= Martine Queffélec =

French mathematician

Martine Queffélec (née Joublin; born 1949) is a French mathematician associated with the University of Lille and known for her research on continued fractions, Diophantine approximation, combinatorics on words, L-systems, and related topics in dynamical systems.

==Education and career==
Queffélec defended her doctoral dissertation in 1984.
By 1987, she was working at the Université Sorbonne Paris Nord;
she moved to the Lille University of Science and Technology in 1993.

==Books==
Queffélec is the author of the book Substitution Dynamical Systems – Spectral Analysis (Springer, Lecture Notes in Mathematics 1294, 1987; 2nd ed., 2010).

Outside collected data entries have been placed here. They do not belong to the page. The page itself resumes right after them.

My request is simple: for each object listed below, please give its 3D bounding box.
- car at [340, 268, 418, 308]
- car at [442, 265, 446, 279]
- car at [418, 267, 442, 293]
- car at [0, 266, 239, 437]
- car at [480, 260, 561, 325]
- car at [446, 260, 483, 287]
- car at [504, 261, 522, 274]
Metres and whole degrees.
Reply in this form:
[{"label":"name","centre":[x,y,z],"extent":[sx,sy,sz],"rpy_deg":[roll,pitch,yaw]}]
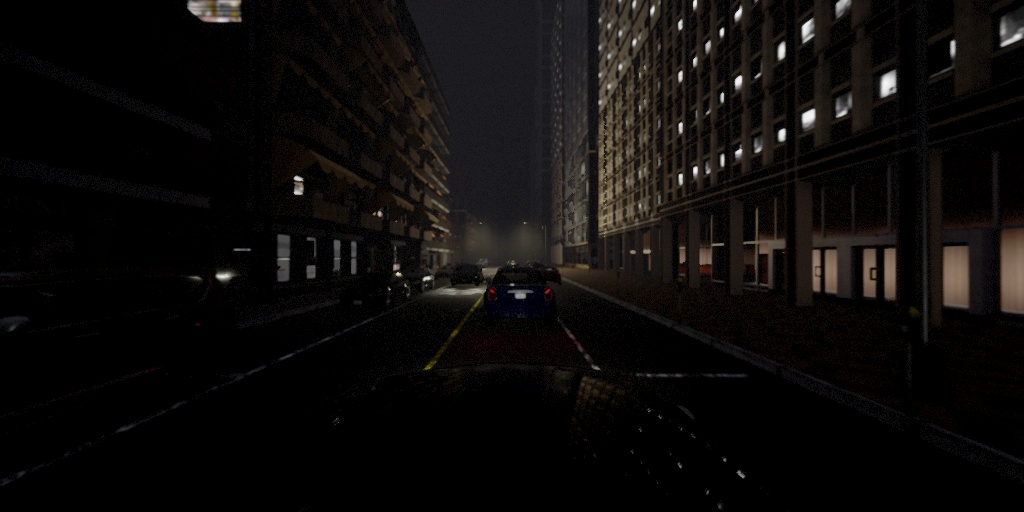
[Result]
[{"label":"car","centre":[-5.692,1.358,15.423],"extent":[1.948,1.339,4.313],"rpy_deg":[0,0,0]},{"label":"car","centre":[-5.695,1.374,32.198],"extent":[1.751,1.417,4.829],"rpy_deg":[0,0,0]},{"label":"car","centre":[-5.693,1.361,21.071],"extent":[2.007,1.370,4.403],"rpy_deg":[0,0,0]},{"label":"car","centre":[-5.691,1.072,4.126],"extent":[2.192,1.841,5.009],"rpy_deg":[0,0,0]},{"label":"car","centre":[0.164,1.134,12.092],"extent":[2.097,1.767,4.553],"rpy_deg":[0,0,-2]},{"label":"car","centre":[-3.099,1.303,25.502],"extent":[1.882,1.535,5.008],"rpy_deg":[0,0,0]},{"label":"car","centre":[0.095,1.387,44.823],"extent":[2.128,1.511,4.902],"rpy_deg":[0,0,0]}]
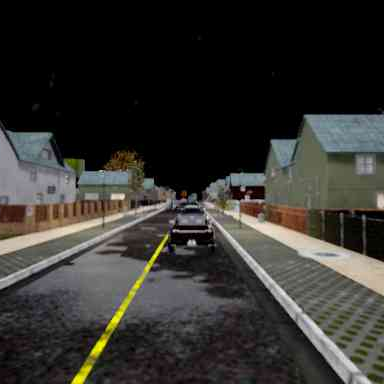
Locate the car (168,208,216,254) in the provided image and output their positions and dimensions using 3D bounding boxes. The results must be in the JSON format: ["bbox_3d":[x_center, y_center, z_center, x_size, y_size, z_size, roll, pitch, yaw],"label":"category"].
[{"bbox_3d":[0.005,1.645,14.310,2.128,1.511,4.902,0,-1,0],"label":"car"}]

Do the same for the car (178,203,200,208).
[{"bbox_3d":[0.005,1.840,29.314,1.837,1.490,4.892,0,0,0],"label":"car"}]

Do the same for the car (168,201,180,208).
[{"bbox_3d":[-2.753,2.164,54.453,2.128,1.511,4.902,0,-1,0],"label":"car"}]
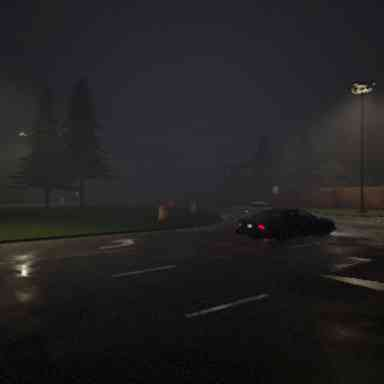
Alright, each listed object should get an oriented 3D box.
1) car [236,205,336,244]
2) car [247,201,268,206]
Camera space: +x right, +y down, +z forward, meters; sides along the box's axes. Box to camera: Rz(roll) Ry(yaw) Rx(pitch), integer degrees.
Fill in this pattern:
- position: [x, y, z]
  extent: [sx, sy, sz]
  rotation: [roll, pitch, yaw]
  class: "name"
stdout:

She is the co-author, with Hervé Queffélec, of Diophantine Approximation and Dirichlet Series (Harish-Chandra Research Institute Lecture Notes 2, 2013).

==Recognition==
In 2011, the Lille University of Science and Technology hosted a conference "Analyse 2011" in honor of both Martine and Hervé Queffélec.

==Personal life and family==
Queffélec's husband, mathematician Hervé Queffélec, is a son of French writer Henri Queffélec (1910–1992), and the brother of pianist Anne Queffélec and novelist Yann Queffélec.